Problem requirements — Please repeat the records beneath this task exactly as they appear, but skip the images.

Dataset excerpts —
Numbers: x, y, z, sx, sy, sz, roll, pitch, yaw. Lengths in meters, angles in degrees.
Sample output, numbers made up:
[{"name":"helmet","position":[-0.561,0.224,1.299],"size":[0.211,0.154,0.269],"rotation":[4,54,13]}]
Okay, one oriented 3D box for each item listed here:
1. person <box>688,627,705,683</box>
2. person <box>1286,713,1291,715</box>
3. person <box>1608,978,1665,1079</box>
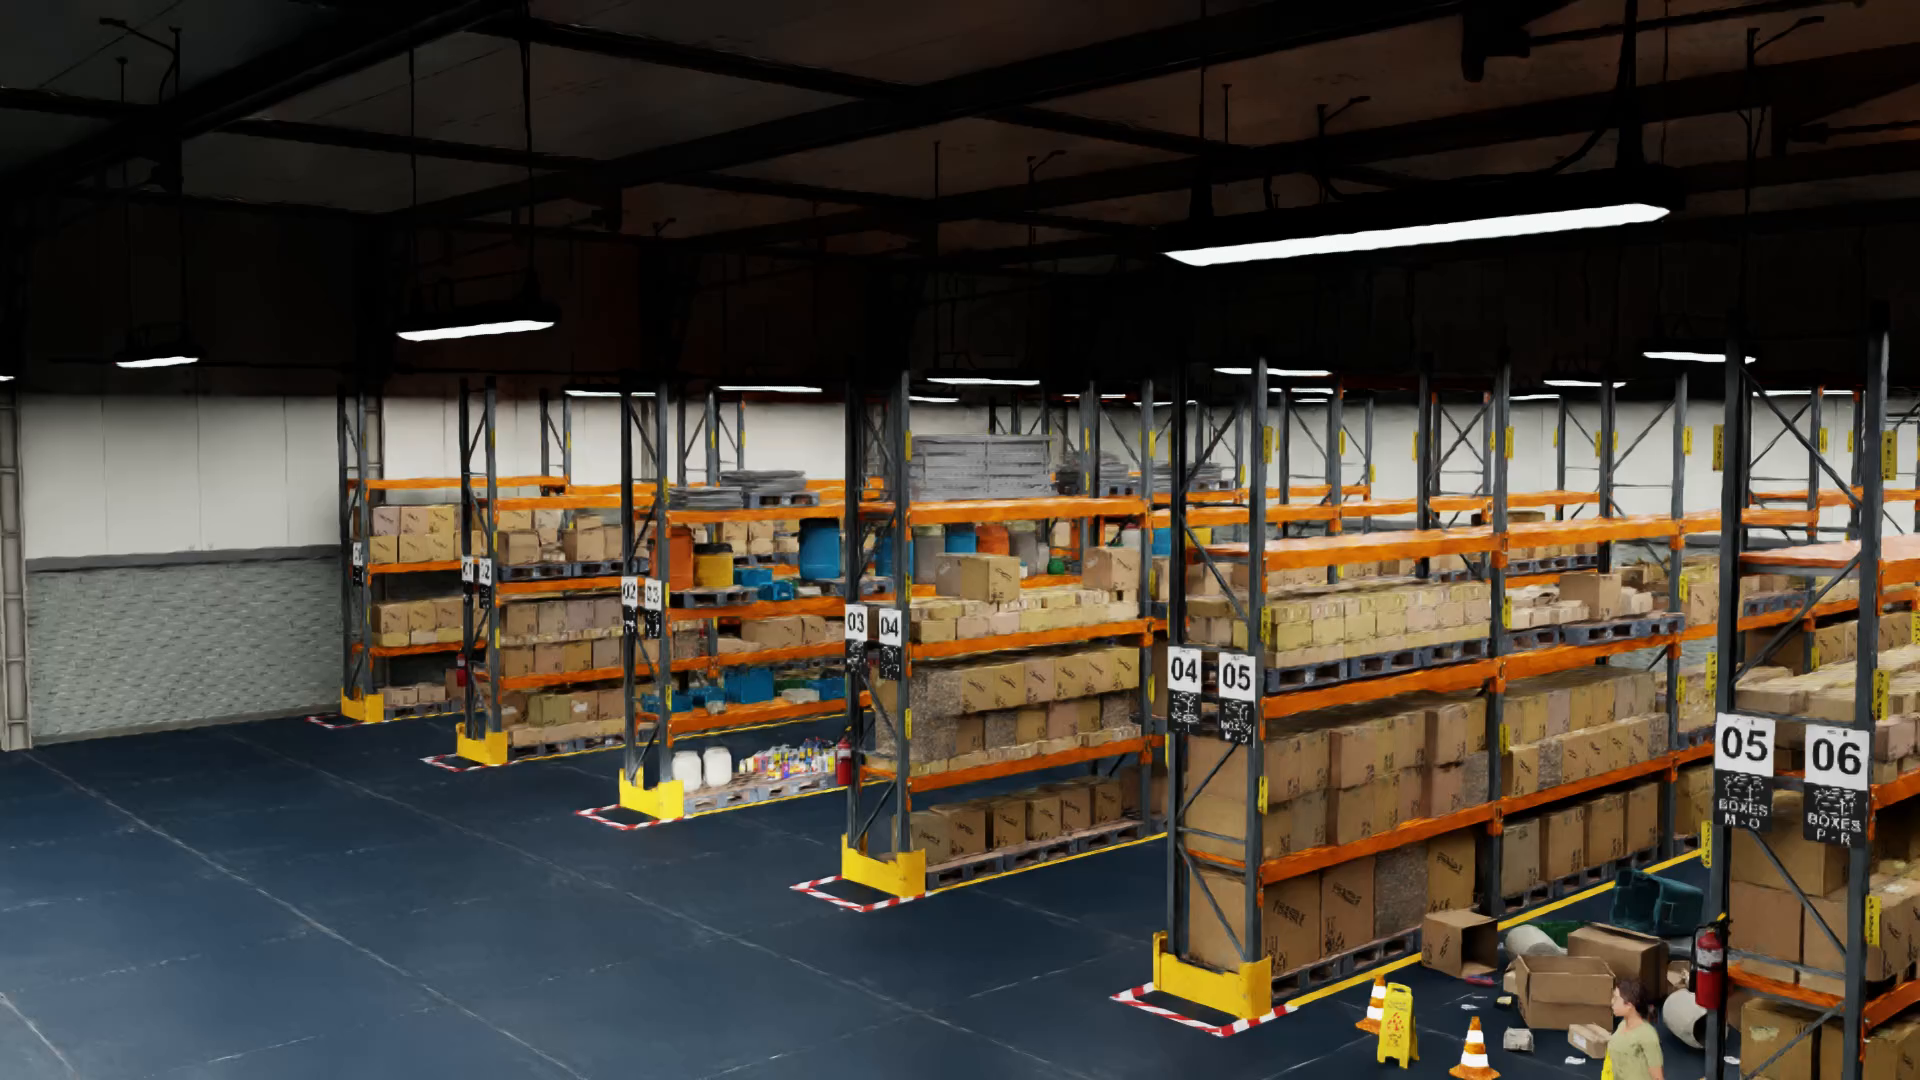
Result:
[{"name":"person","position":[-5.220,2.172,32.769],"size":[0.661,1.691,0.701],"rotation":[3,5,40]},{"name":"person","position":[4.143,2.941,20.601],"size":[0.607,1.699,1.170],"rotation":[3,5,39]},{"name":"person","position":[4.413,3.641,10.648],"size":[0.567,1.661,0.500],"rotation":[0,4,-4]}]

Answer box —
Numbers: x, y, z, sx, sy, sz, roll, pitch, yaw. Lengths in meters, angles in degrees.
Sample output, numbers made up:
[{"name":"helmet","position":[-0.561,0.224,1.299],"size":[0.211,0.154,0.269],"rotation":[4,54,13]}]
Okay, one oriented 3D box for each item listed here:
1. person <box>688,627,705,683</box>
2. person <box>1286,713,1291,715</box>
3. person <box>1608,978,1665,1079</box>
Result:
[{"name":"person","position":[-5.220,2.172,32.769],"size":[0.661,1.691,0.701],"rotation":[3,5,40]},{"name":"person","position":[4.143,2.941,20.601],"size":[0.607,1.699,1.170],"rotation":[3,5,39]},{"name":"person","position":[4.413,3.641,10.648],"size":[0.567,1.661,0.500],"rotation":[0,4,-4]}]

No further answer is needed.